Na origem dos vibrantes protestos dos últimos dias esteve a tentativa de despejo forçado de cinco das vinte e oito famílias palestinianas que viviam no bairro Xeque Jarrah. Estas famílias vivem aí desde 1948. Na realidade, são refugiados, uma vez que foram expulsos das suas casas anteriores após o primeiro conflito árabe-israelense.

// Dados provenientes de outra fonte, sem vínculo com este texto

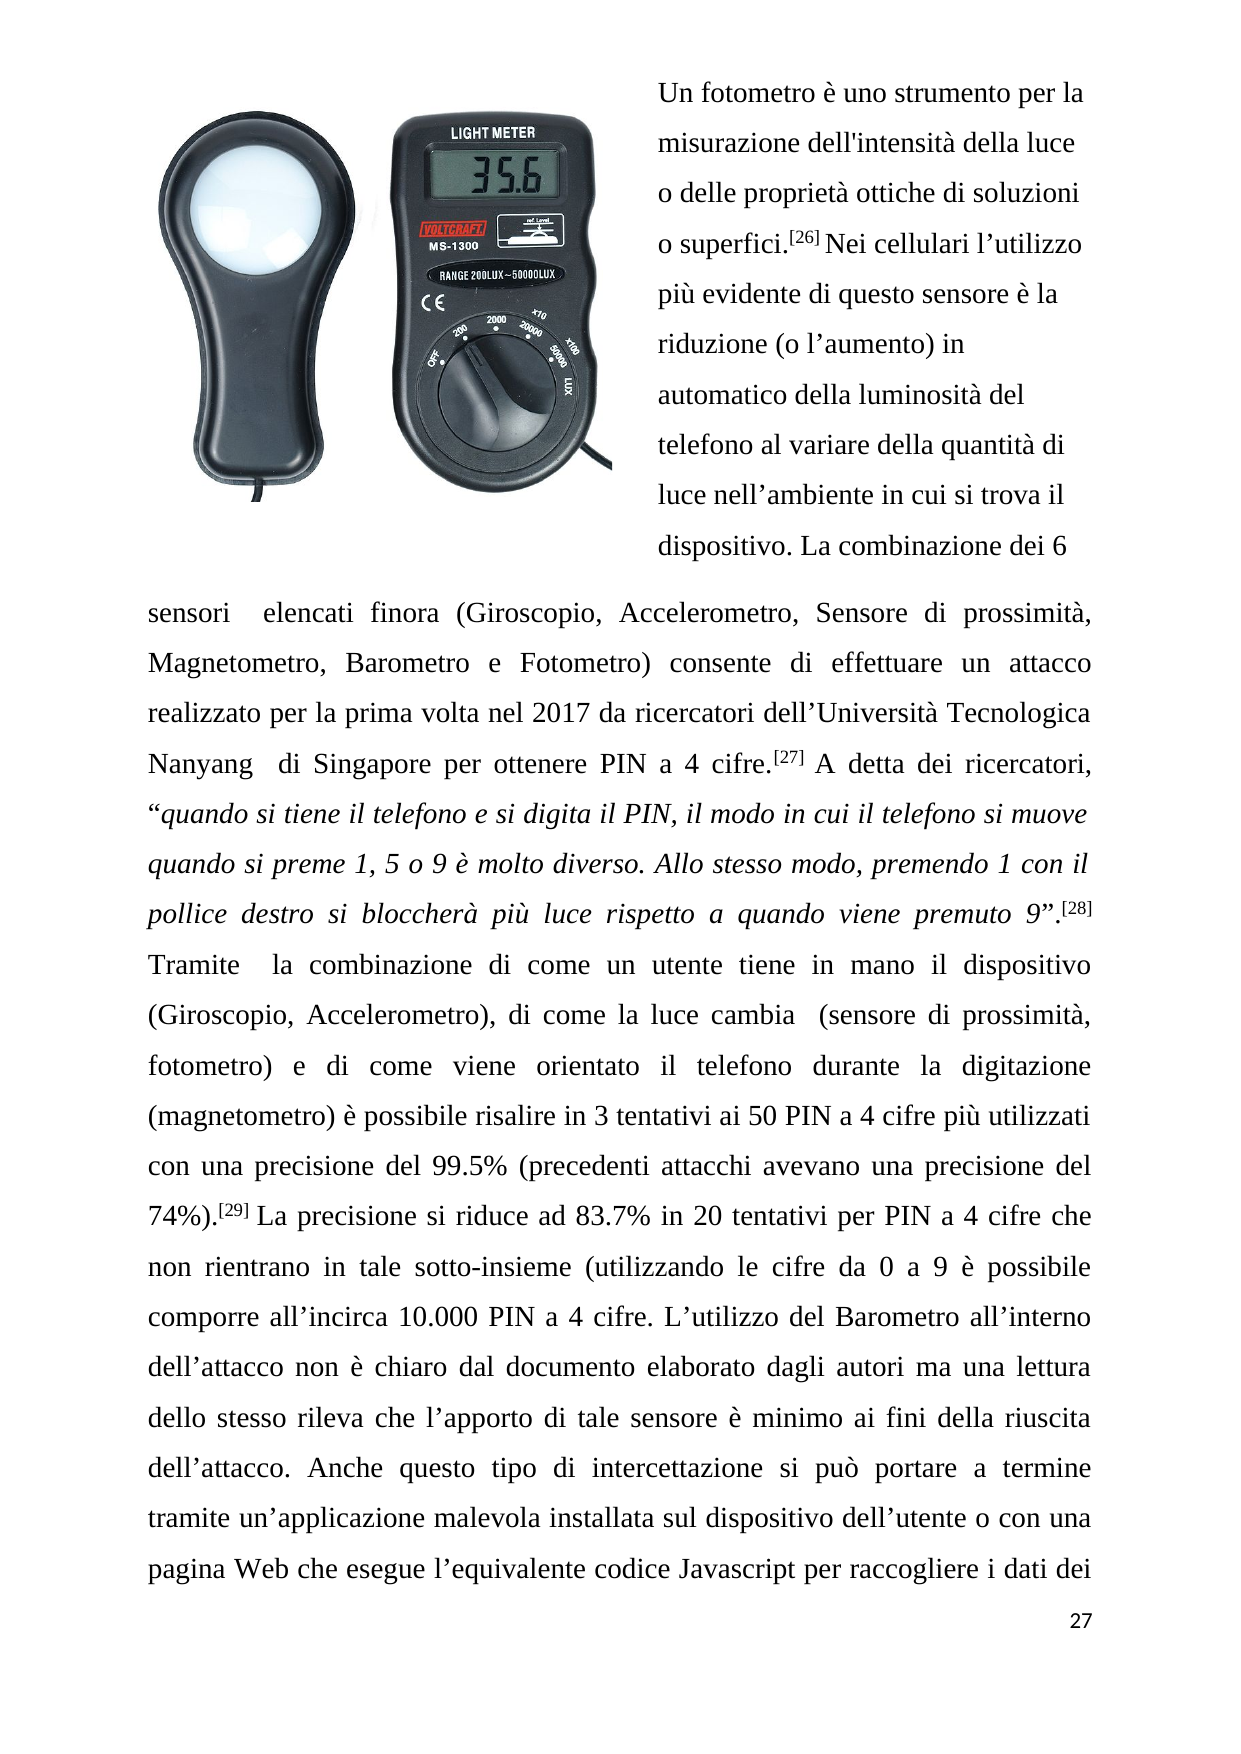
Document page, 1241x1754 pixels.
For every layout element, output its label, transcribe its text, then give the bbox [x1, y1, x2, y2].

text sensori elencati finora (Giroscopio, Accelerometro, Sensore di prossimità, Magnetometro, Barometro e Fotometro) consente di effettuare un attacco realizzato per la prima volta nel 2017 da ricercatori dell’Università Tecnologica Nanyang di Singapore per ottenere PIN a 4 cifre.[27] A detta dei ricercatori, “quando si tiene il telefono e si digita il PIN, il modo in cui il telefono si muove quando si preme 1, 5 o 9 è molto diverso. Allo stesso modo, premendo 1 con il pollice destro si bloccherà più luce rispetto a quando viene premuto 9”.[28] Tramite la combinazione di come un utente tiene in mano il dispositivo (Giroscopio, Accelerometro), di come la luce cambia (sensore di prossimità, fotometro) e di come viene orientato il telefono durante la digitazione (magnetometro) è possibile risalire in 3 tentativi ai 50 PIN a 4 cifre più utilizzati con una precisione del 99.5% (precedenti attacchi avevano una precisione del 74%).[29] La precisione si riduce ad 83.7% in 20 tentativi per PIN a 4 cifre che non rientrano in tale sotto-insieme (utilizzando le cifre da 0 a 9 è possibile comporre all’incirca 10.000 PIN a 4 cifre. L’utilizzo del Barometro all’interno dell’attacco non è chiaro dal documento elaborato dagli autori ma una lettura dello stesso rileva che l’apporto di tale sensore è minimo ai fini della riuscita dell’attacco. Anche questo tipo di intercettazione si può portare a termine tramite un’applicazione malevola installata sul dispositivo dell’utente o con una pagina Web che esegue l’equivalente codice Javascript per raccogliere i dati dei [148, 595, 1092, 1584]
text Un fotometro è uno strumento per la misurazione dell'intensità della luce o delle proprietà ottiche di soluzioni o superfici.[26] Nei cellulari l’utilizzo più evidente di questo sensore è la riduzione (o l’aumento) in automatico della luminosità del telefono al variare della quantità di luce nell’ambiente in cui si trova il dispositivo. La combinazione dei 6 [658, 75, 1092, 561]
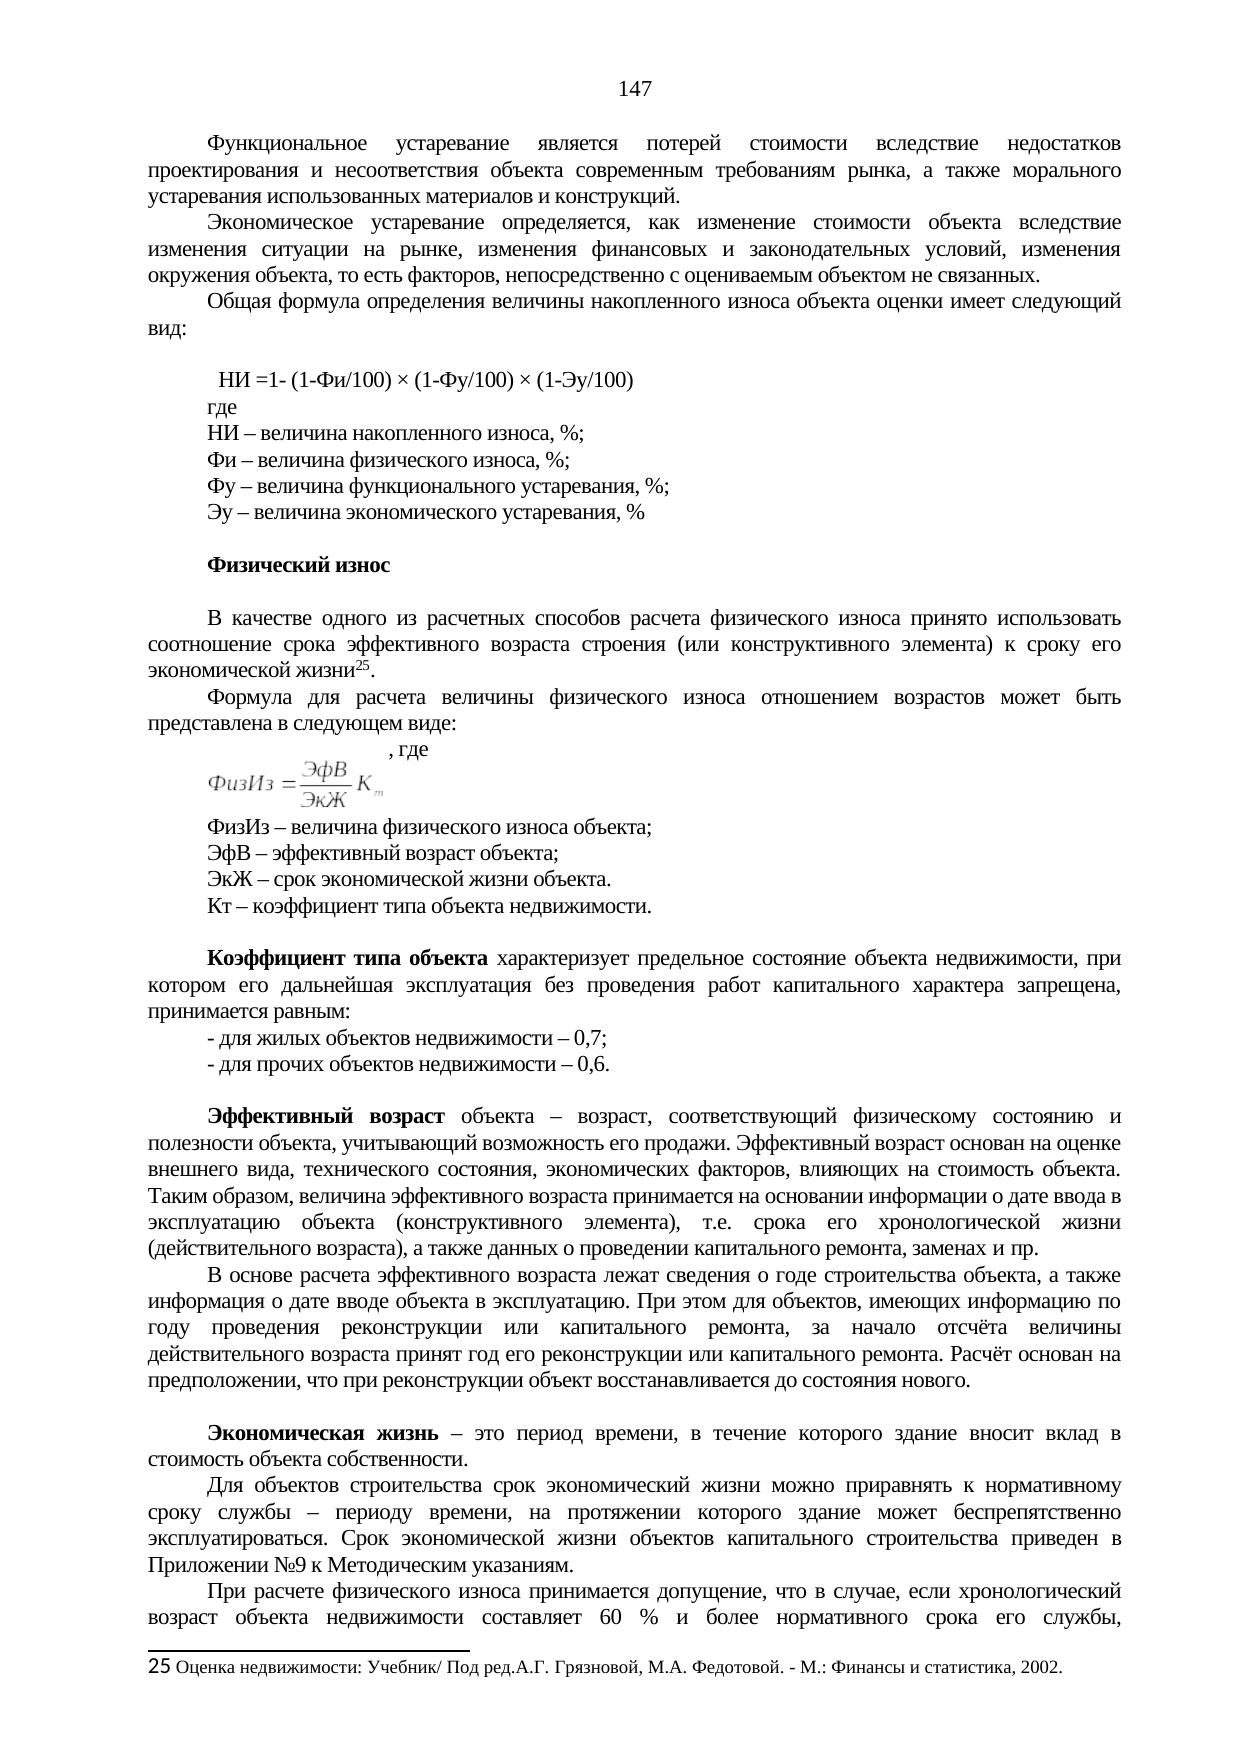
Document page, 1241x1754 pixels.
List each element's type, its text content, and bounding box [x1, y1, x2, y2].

A tentativa de expulsá-los é incitada por várias organizações de colonos, incluindo Nahalat Shimon (que visa expulsar todos os palestinos da área) e Ataret Kohanim (um movimento teoricamente de inspiração religiosa, mas bem ligado à “direita” sionista radical que emergiu vitoriosa das recentes eleições). Ambos os grupos apoiam o projeto “Grande Jerusalém”, destinado à transformação demográfica da cidade velha de Jerusalém, que no mesmo nome recorda outro projeto sionista: o do “Grande Israel” desde o Eufrates até ao Nilo desenhado por Theodor Herzl.
As reivindicações sionistas baseiam-se numa lei, promulgada após a ocupação de Jerusalém Oriental em 1967: os sionistas descendentes de judeus que viviam na área antes de 1948 são autorizados a reclamar direitos de propriedade nos territórios onde vive um segmento da população, à qual qualquer direito é negado, apesar da presunção “democrática” do enclave “ocidental” no Oriente Próximo.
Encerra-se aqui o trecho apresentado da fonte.